Optimal and improved gate decompositions for accelerated classical simulation of near-Gaussian fermionic circuits

Abstract

Fermionic Gaussian circuits can be simulated efficiently on a classical computer, but become universal when supplemented with non-Gaussian operations. Similar to stabilizer circuits augmented with non-stabilizer resources, these non-Gaussian circuits can be simulated classically using rank- or extent-based methods. These methods decompose non-Gaussian states or operations into Gaussian ones, with runtimes that scale polynomially with measures of non-Gaussianity such as the rank and the extent -- quantities that typically grow exponentially with the number of non-Gaussian resources. Current fermionic rank- and extent-based simulators are limited to Gaussian circuits with magic-state injection. Extending them to mixed states and non-unitary channels has been hindered by the lack of known extent-optimized decompositions for physically relevant gates and noisy channels. In this work, we address this gap. First, we derive analytic decompositions for key non-Gaussian gates and channels, including decompositions for arbitrary two-qubit fermionic gates which are provably optimal for diagonal gates or those acting on Jordan-Wigner-adjacent qubit pairs.
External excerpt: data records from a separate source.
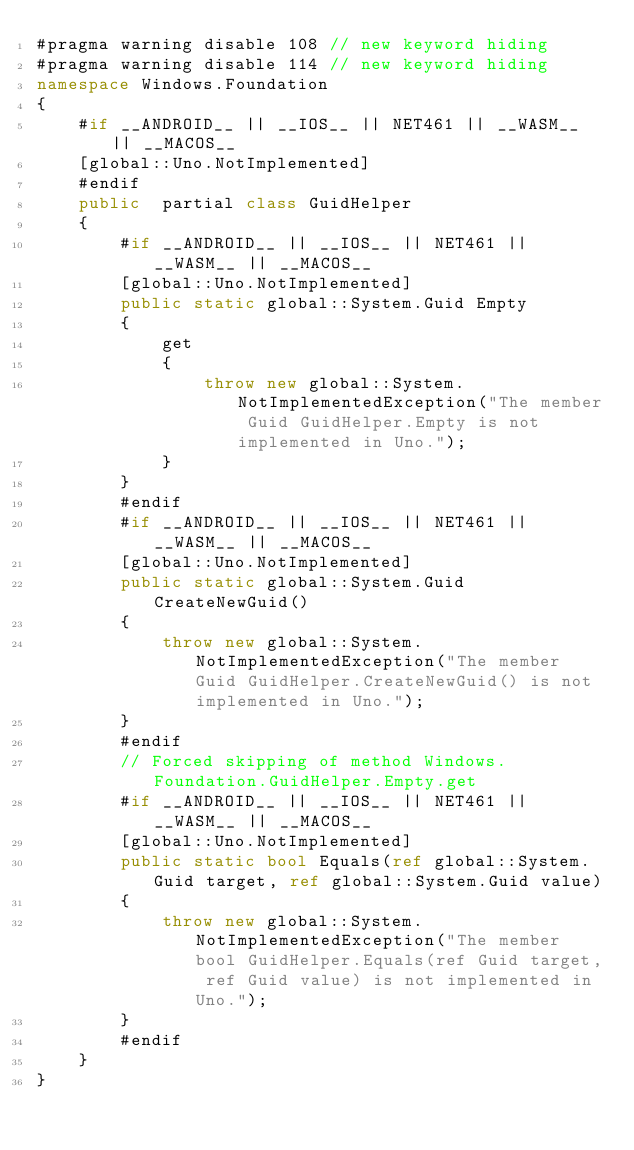<code> <loc_0><loc_0><loc_500><loc_500><_C#_>#pragma warning disable 108 // new keyword hiding
#pragma warning disable 114 // new keyword hiding
namespace Windows.Foundation
{
	#if __ANDROID__ || __IOS__ || NET461 || __WASM__ || __MACOS__
	[global::Uno.NotImplemented]
	#endif
	public  partial class GuidHelper 
	{
		#if __ANDROID__ || __IOS__ || NET461 || __WASM__ || __MACOS__
		[global::Uno.NotImplemented]
		public static global::System.Guid Empty
		{
			get
			{
				throw new global::System.NotImplementedException("The member Guid GuidHelper.Empty is not implemented in Uno.");
			}
		}
		#endif
		#if __ANDROID__ || __IOS__ || NET461 || __WASM__ || __MACOS__
		[global::Uno.NotImplemented]
		public static global::System.Guid CreateNewGuid()
		{
			throw new global::System.NotImplementedException("The member Guid GuidHelper.CreateNewGuid() is not implemented in Uno.");
		}
		#endif
		// Forced skipping of method Windows.Foundation.GuidHelper.Empty.get
		#if __ANDROID__ || __IOS__ || NET461 || __WASM__ || __MACOS__
		[global::Uno.NotImplemented]
		public static bool Equals(ref global::System.Guid target, ref global::System.Guid value)
		{
			throw new global::System.NotImplementedException("The member bool GuidHelper.Equals(ref Guid target, ref Guid value) is not implemented in Uno.");
		}
		#endif
	}
}
</code>

Second, we show that stochastic Pauli noise can reduce the effective extent of non-Gaussian rotation gates, but that fermionic magic is substantially more robust to such noise than stabilizer magic. Finally, we demonstrate how these decompositions can accelerate classical sampling from the output distribution of a quantum circuit. This involves a generalization of existing sparsification methods, previously limited to convex-unitary channels, to circuits involving intermediate measurements and feed-forward. Our decompositions also yield speedups for emulating noisy Pauli rotations with quasiprobability simulators in the large-angle/arbitrary-strength-noise and small-angle/low-noise parameter regimes.

Figures (6)

• Figure 1: The gates $\mathrm{SWAP}$ and $H$ have unitary extent $\xi(\mathrm{SWAP}) = \xi(H) = 2$. The gate $C(\theta)$ has unitary extent $C(\theta) = 1+|\sin(\theta/2)|$, the gates $R_{ZZ}(\theta)$ and $R_Y(\theta)$ have unitary extent $\xi(R_{ZZ}(\theta)) = \xi(R_Y(\theta)) = 1+|\sin\theta|$.
• Figure 2: The gadget in the picture uses the magic state $\ket{v} = (I \otimes V \otimes I) \ket{\psi^+}^{\otimes 2}$ to implement the associated magic gate $V$ (see Hebenstreit_2019). The gadget consists of two Bell measurements which can be implemented using the matchgate $G(H,H)$ and computational basis measurements Hebenstreit_2019. Postselecting the measurement outcome consisting of all zeros gives $V (\ket{\phi_1} \otimes \ket{\psi_2})$ at the output of the circuit. Instead of postselecting, one can apply a circuit of Gaussian operations which uses ancillas initialized in computational basis states to correct when obtaining a measurement outcome different from all-zeros, see Hebenstreit_2019.
• Figure 3: Bloch sphere illustrating the decomposition of the Choi-equivalent state $\psi = \mathcal{N}_\mathcal{Y}(| 0 \rangle \! \langle 0 |)$ of the noisy rotation channel $\mathcal{N}_\mathcal{Y} = (1-p) \mathcal{R_Y}(\theta) + p \mathcal{R_Y}(\theta + \pi)$ for $\theta = \pi/5$ and $p=0.08$. A feasible (non-optimal) decomposition is the convex combination $\psi = (1-p) \psi(\theta) + p \psi(\pi + \theta)$ of the states $\psi(\theta) = R_Y(\theta) \ket{0}$ and $\psi(\pi + \theta) = R_Y(\pi + \theta) \ket{0}$ shown in red.
• Figure 4: Upper bound for the channel extent $\Xi(\mathcal{N_P})$ of the noisy rotation channel $\mathcal{N_P} = \mathcal{E_P}(p) \circ \mathcal{R_P}(\theta)$ for any Pauli operator $P$, for different values of the error probability $p$. This upper bound is tight for the channels $\mathcal{N}_Y$ and $\mathcal{N}_{ZZ}$, i.e., the figure shows $\Xi(\mathcal{N_Y})$ and $\Xi(\mathcal{N_{ZZ}})$.
• Figure 5: The full lines correspond to $1 + (1-2/3p)|\sin (2 \theta)|$, the upper bound obtained in \ref{['eq:FNLNprime']} for the fermionic nonlinearity $\Phi(\mathcal{N}')$ of the channel $\mathcal{N}' = \mathcal{E}(p) \circ \mathcal{R_{ZZ}}(\theta)$ defined in \ref{['eq:Nprime00']}, for different values of the error probability $p$. The circles correspond to the upper bound for $\Phi(\mathcal{N}')$ obtained in Hakkaku_2022 (see Fig. 2 therein) -- the data was kindly provided by the authors.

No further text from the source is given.